Review: Thigmotactic
Mark Hosler (Negativland) + me

Image by Chuckumentary via Flickr

[Purchase CD]

The new Negativland album is quite different than all their other albums — if absolutely forced to pick a comparison, it might be something like Dispepsi jammed through Points. If you’ve heard those albums, you can imagine that’s an odd combination, and yet, the two seem to be just about equally good reference points.

Part of the differentness of this album comes from the fact that it’s more-or-less a Mark Hosler solo record with most of the other members of Negativland making a few appearances — hence the “Negativland Presents” on the cover and spine. Different it may be, but it’s not a departure; it’s still very much a Negativland record. The elements of found sound and collage are there, but in the context of songs.

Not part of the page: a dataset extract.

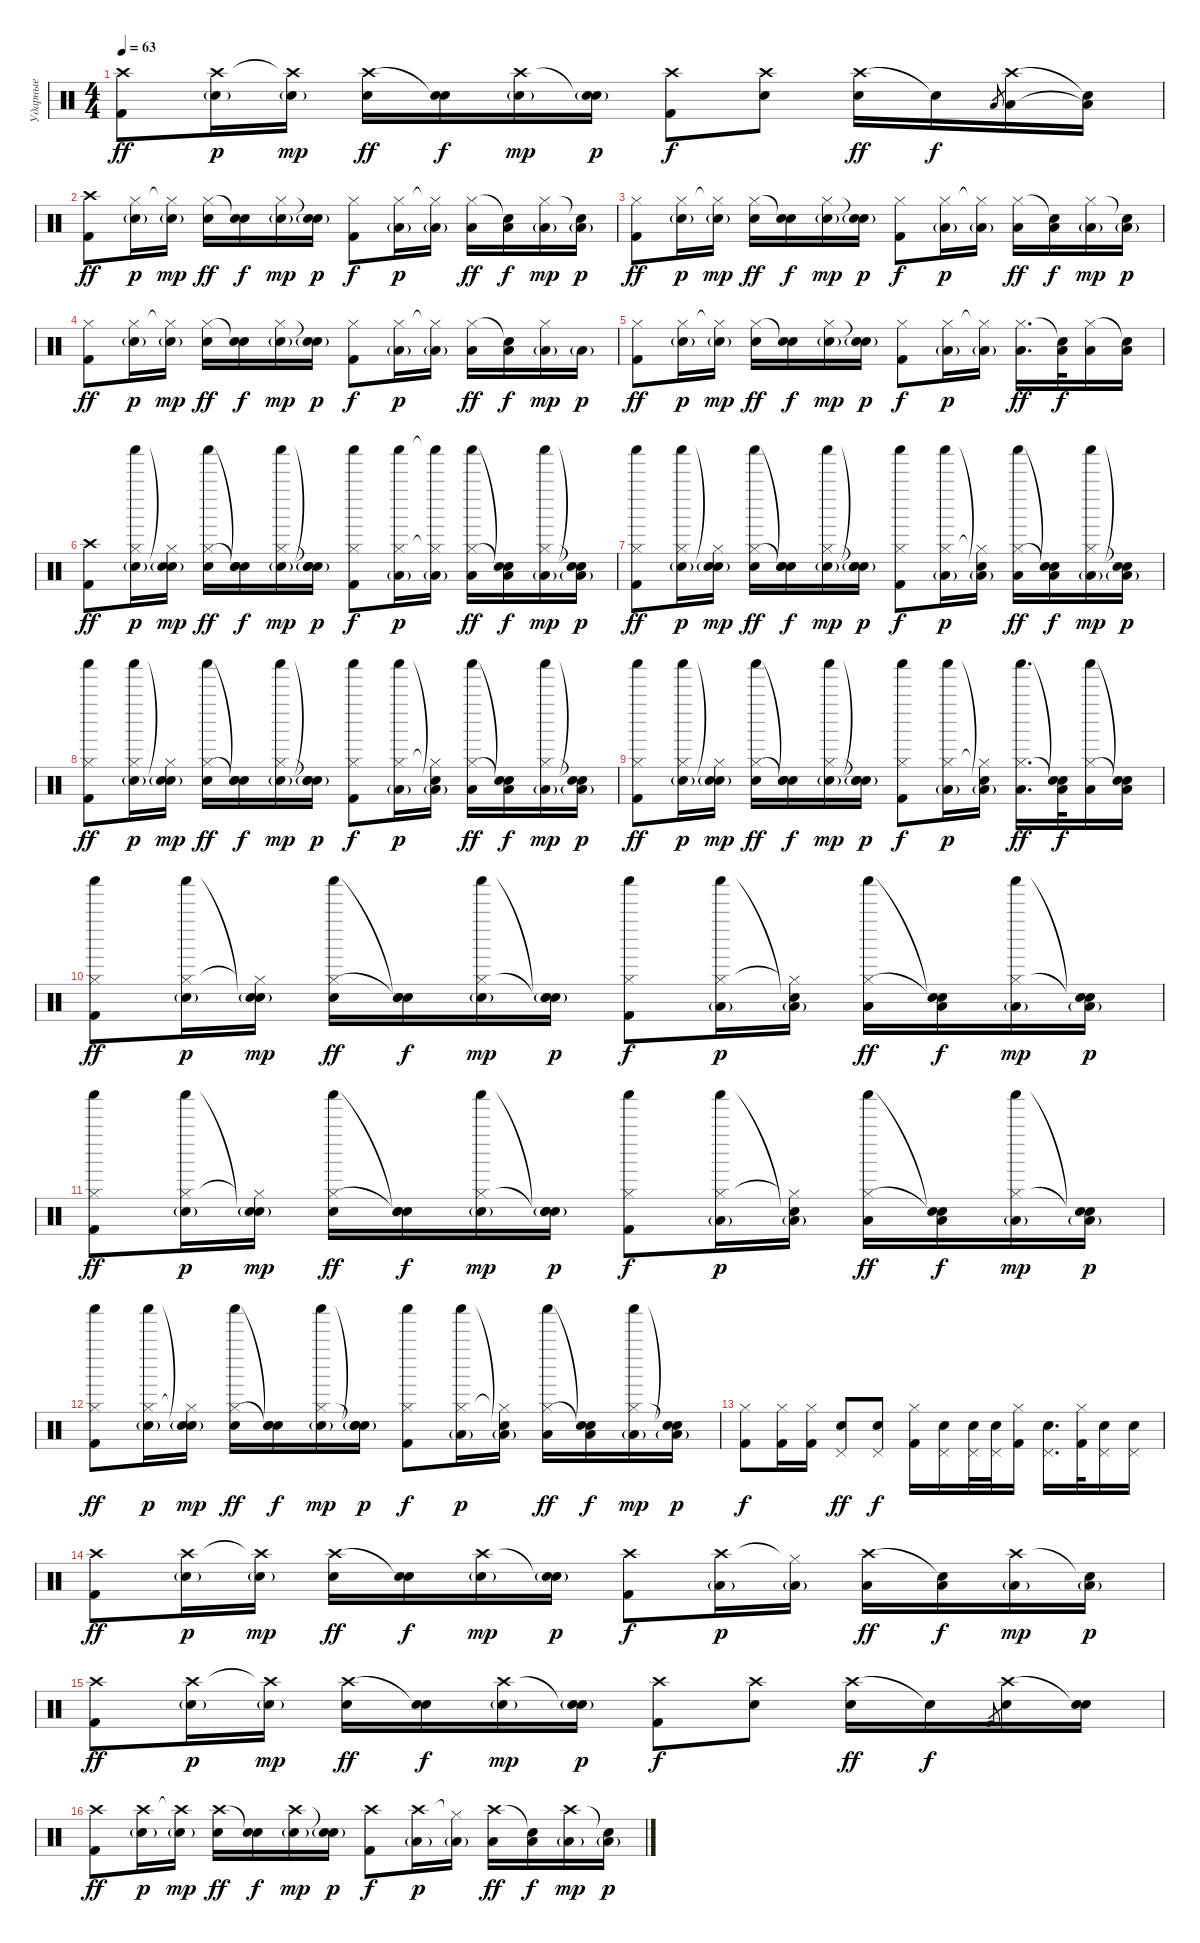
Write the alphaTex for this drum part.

Dispepsi is a pretty good reference for the songs; the sounds, however, as well as the lyrics and artwork have a very definite homemade quality and feel like Points — like the at-home recordings on that album, there’s a personal quality to the material on Thigmotactic, even though the lyrics are mostly taken from cut-ups, dream journals and articles — though one of the songs, “Virginia’s Trip”, is from a poem Mark’s grandmother wrote.

Some of the songs even have an alt-country feel; particularly “Extra Sharp Pencils” and “Rancho Pancho”; the latter is taken from “stolen lyrics from a 1940’s cowpoke song”, modified to be about a gay relationship, though not in a funny way — the lyrics are genuinely moving. “I sigh and cry for my lothario, he’s such a gay caballero. As we rode together I longed to speak. My heart was strong, but my Spanish was weak, so we just listened to toads in the creek.”

The lyrics have great imagery; some of them remind me of Rennie Sparks’ Handsome Family lyrics — the ones of the ilk of “Stalled” or “Tesla’s Hotel Room”, where it’s just a little slice of existence. As for the sources, I’m not sure how much were written as lyrics by Mark and how much were taken from other sources — but between the two, it’s clear that Mark’s got a great ear for what makes an outstanding song. And the decision in the lyric booklet to transcribe all the samples and put them in the lyric sheet as normal lyrics gives a cool feel to reading the lyrics (though, the liners would be an essential part of the package anyway — each song is illustrated by a visual collage by Mark as well; many of which I got to see in person at the Negativlandland touring show). Thigmotactic illustrates that Negativland aren’t just handy with splicing tape; though they don’t choose to show it off a lot, they’ve got a real skill with song structure as well. Even though, on paper, Thigmotactic sounds like it might be a fans-only side project, it actually turned out to be an essential Negativland release.